Download or read book American Physics in Transition written by Albert E. Moyer and published by Springer Science & Business Media. This book was released on 1983-01-01 with total page 248 pages. Available in PDF, EPUB and Kindle. Book excerpt:

Book American Physics in Transition

Download or read book American Physics in Transition written by Albert E.. MOYER and published by . This book was released on 1986 with total page pages. Available in PDF, EPUB and Kindle. Book excerpt:

Book A Short History of Physics in the American Century

Download or read book A Short History of Physics in the American Century written by David C. Cassidy and published by Harvard University Press. This book was released on 2013-09-02 with total page 225 pages. Available in PDF, EPUB and Kindle. Book excerpt: As the twentieth century ended, computers, the Internet, and nanotechnology were central to modern American life. Yet the physical advances underlying these applications are poorly understood and underappreciated by U.S. citizens. In this overview, Cassidy views physics through America's engagement with the political events of a tumultuous century.

Book The History of Modern Physics  1800 1950  American physics in transition  a history of cenceptual change in the late nineteenth century

Download or read book The History of Modern Physics 1800 1950 American physics in transition a history of cenceptual change in the late nineteenth century written by and published by . This book was released on 1983 with total page pages. Available in PDF, EPUB and Kindle. Book excerpt:

Book The Physics of Phase Transitions

Download or read book The Physics of Phase Transitions written by Pierre Papon and published by Springer Science & Business Media. This book was released on 2013-06-29 with total page 410 pages. Available in PDF, EPUB and Kindle. Book excerpt: The Physics of Phase Transitions occupies an important place at the crossroads of several fields central to materials sciences. This second edition incorporates new developments in the states of matter physics, in particular in the domain of nanomaterials and atomic Bose-Einstein condensates where progress is accelerating. New information and application examples are included. This work deals with all classes of phase transitions in fluids and solids, containing chapters on evaporation, melting, solidification, magnetic transitions, critical phenomena, superconductivity, and more. End-of-chapter problems and complete answers are included.

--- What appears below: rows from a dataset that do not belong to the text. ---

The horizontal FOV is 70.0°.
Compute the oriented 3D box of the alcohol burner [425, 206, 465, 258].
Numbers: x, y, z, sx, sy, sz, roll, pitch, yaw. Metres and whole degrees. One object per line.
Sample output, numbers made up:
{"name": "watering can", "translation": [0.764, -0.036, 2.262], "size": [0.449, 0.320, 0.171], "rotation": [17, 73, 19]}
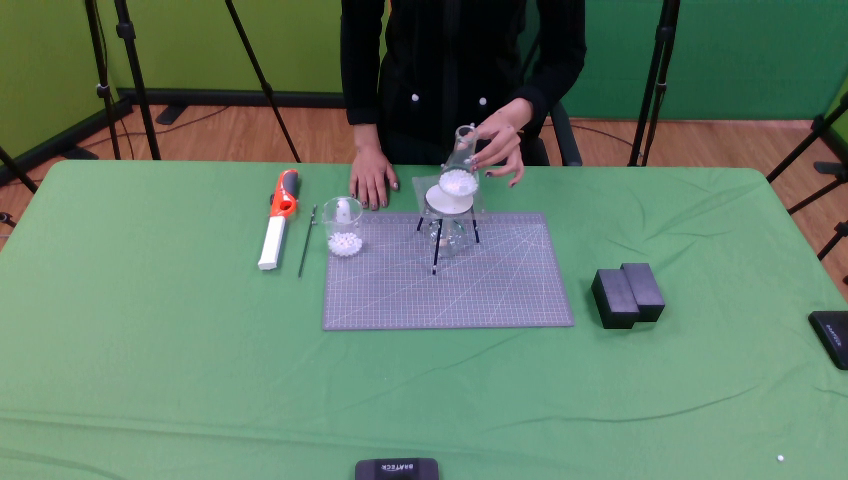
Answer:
{"name": "alcohol burner", "translation": [0.041, -0.023, 1.158], "size": [0.078, 0.119, 0.077], "rotation": [3, 47, -3]}

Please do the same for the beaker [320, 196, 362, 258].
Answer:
{"name": "beaker", "translation": [-0.156, -0.020, 1.150], "size": [0.084, 0.101, 0.073], "rotation": [-30, 55, -28]}

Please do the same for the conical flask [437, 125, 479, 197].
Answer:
{"name": "conical flask", "translation": [0.064, -0.136, 1.027], "size": [0.075, 0.122, 0.075], "rotation": [3, 50, -4]}

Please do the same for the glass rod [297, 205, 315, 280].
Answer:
{"name": "glass rod", "translation": [-0.231, 0.001, 1.192], "size": [0.008, 0.008, 0.198], "rotation": [2, 47, -1]}

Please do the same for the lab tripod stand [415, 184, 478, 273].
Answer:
{"name": "lab tripod stand", "translation": [0.042, -0.031, 1.152], "size": [0.148, 0.132, 0.147], "rotation": [3, 44, -3]}

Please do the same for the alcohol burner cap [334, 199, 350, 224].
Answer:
{"name": "alcohol burner cap", "translation": [-0.168, -0.061, 1.228], "size": [0.034, 0.048, 0.033], "rotation": [3, 46, -3]}

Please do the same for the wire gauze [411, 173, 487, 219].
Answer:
{"name": "wire gauze", "translation": [0.044, -0.080, 1.106], "size": [0.125, 0.011, 0.120], "rotation": [-3, 46, -7]}

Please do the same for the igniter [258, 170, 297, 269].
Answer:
{"name": "igniter", "translation": [-0.294, -0.049, 1.221], "size": [0.057, 0.025, 0.275], "rotation": [-5, 45, 4]}

Book Physics of Metal Nonmetal Transitions

Download or read book Physics of Metal Nonmetal Transitions written by F. Yonezawa and published by IOS Press. This book was released on 2017-10-18 with total page 314 pages. Available in PDF, EPUB and Kindle. Book excerpt: Material undergoes the transformation from metal to non-metal or from non-metal to metal when environmental conditions, such as temperature and pressure, or the percentages of constituent components are changed. Such a transition is known as the metal-nonmetal (M-NM) transition. This book, 'The Physics of Metal – Nonmetal Transitions', explores the mechanisms so far discovered which cause the M-NM transition and presents a systematic discussion of them. All the mechanisms are discussed in terms of energy bands, and the band theory is introduced and explained in chapter 2. Once chapters 1 and 2 have been assimilated, the remaining chapters can be read independently of each other if required. The mechanisms discussed therein include the Peierls transition, the Bloch-Wilson transitions – types I and II respectively – the second of which was discovered by the author and her students. Subsequent chapters cover the Anderson transition and the Mott transition, and each chapter includes not only traditional theories, but also updated information about more recent research. The book can be used either as a textbook for undergraduate and postgraduate students of science and technology or as an introductory treatise for researchers in a wide variety of fields.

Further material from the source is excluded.